— На нас смотрят, — предупредил я его. — Не устраивай сцен, потом все будут говорить об этом.
— Его коробило, что я купил шубу.
— Ну о чем тут говорить. — И мы отошли в сторону. Женщина, которую незадолго перед этим свели вниз, истошно кричит. Лес впитывает этот вопль и несколько раз повторяет сдавленным, возвращающимся эхом. — Ты можешь сейчас вспомнить все?
— Некоторые привозили целыми возами, — дергал он меня за плечо. — А я купил шубу для Марии. Я в самом деле купил эту шубу, оставшуюся в уничтоженном гетто, мне ее просто всучили. Он говорил тогда, что я не должен был этого делать…
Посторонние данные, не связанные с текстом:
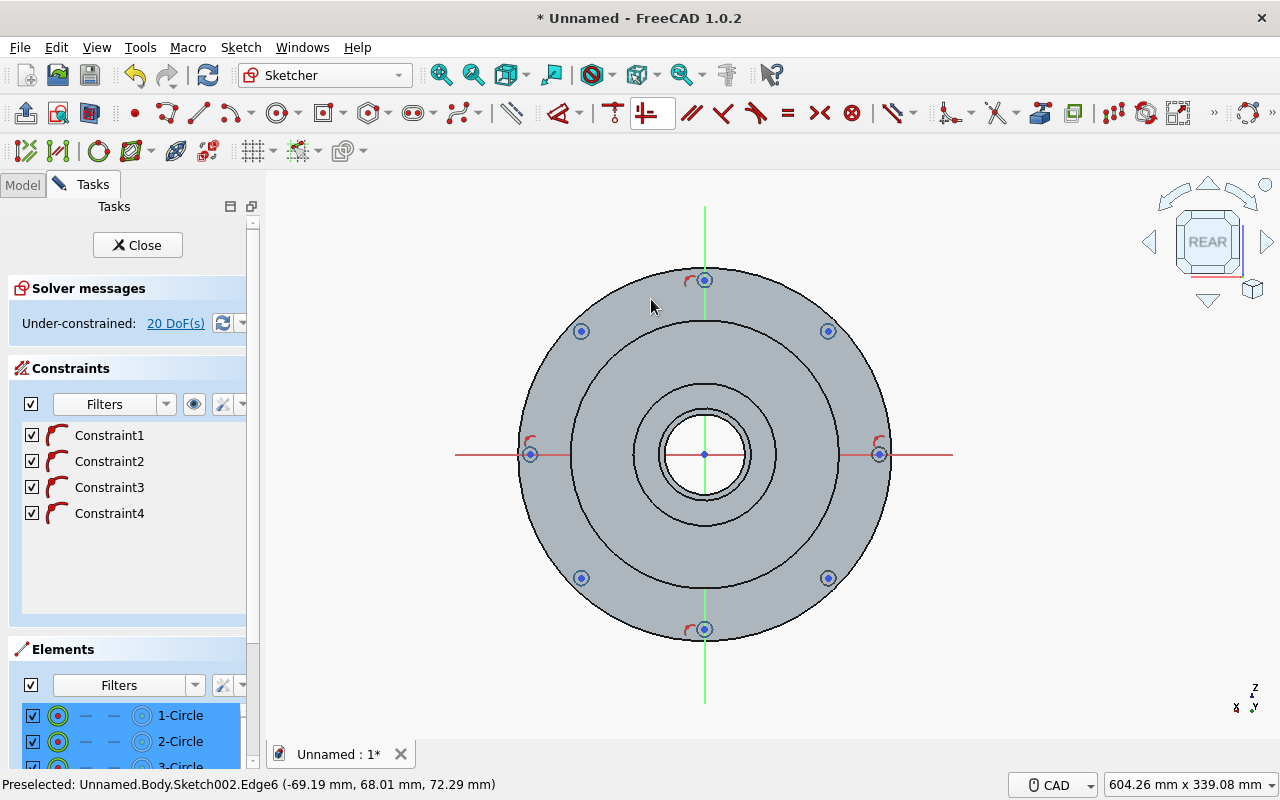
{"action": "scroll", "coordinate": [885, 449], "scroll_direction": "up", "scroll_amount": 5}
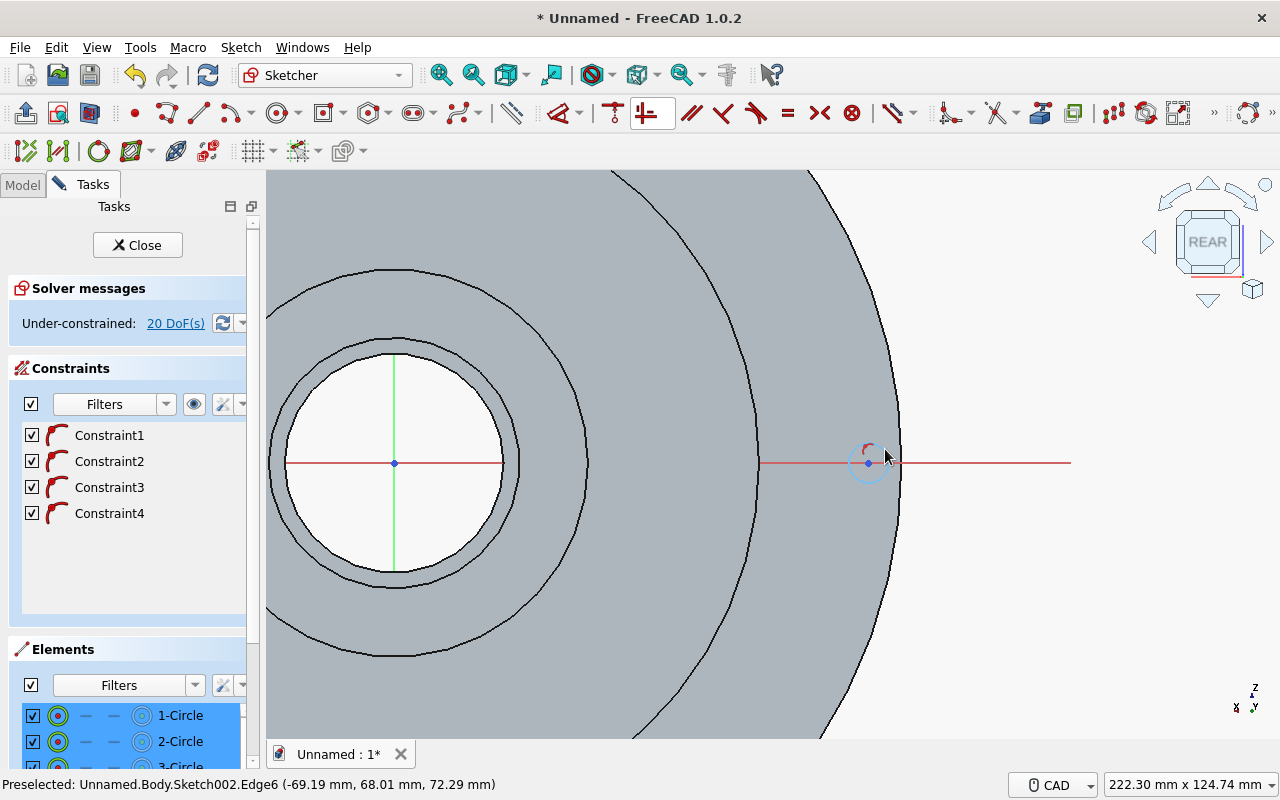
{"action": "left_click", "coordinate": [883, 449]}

Женщина внизу наконец успокоилась, но еще всхлипывала, сейчас ее втащат наверх.
— Думаешь, это так важно?
— Что?
— Если бы я не купил эту шубу?
— Нет. Это совсем неважно. Просто вы не нашли общего языка. Ему не правилось все, что ты делал…
— Они позаботились об этом!
— Слушай, — говорю я спокойно, пытаясь отвлечь от него внимание стоящих над ямой людей. — Мы, наверное, много выпили.
— Я пойду к ним, — говорит он. — Не мешай, я должен им теперь все сказать. Я должен им сам все сказать!
— Что?
— Они не имели права втягивать его в это дело.
— Успокойся.
— Он не подходил для этого, понимаешь? Может, им не хватало своих людей, вот и решили его втянуть?
— Он знал, что делал. Ты не имеешь права говорить о нем плохо. Здесь не место его судить…
— Всюду я могу его судить…
Он выпил лишнее. Я замечаю, что люди, стоящие неподалеку, внимательно, не без враждебности наблюдают за ним. Время от времени они тихо переговариваются, и ясно, что говорят о нас.
У нас перед глазами светлые растрепанные пряди волос. Самый молодой, говорят, был светловолос, а по волосам можно опознать. В карманах ничего не нашли. Рылись в карманах, прощупывали подкладку пальцами в грязных резиновых перчатках. Может, кто опознает по пуговицам? Нельзя опознавать по пуговицам! Конечно, это тот, самый юный из группы.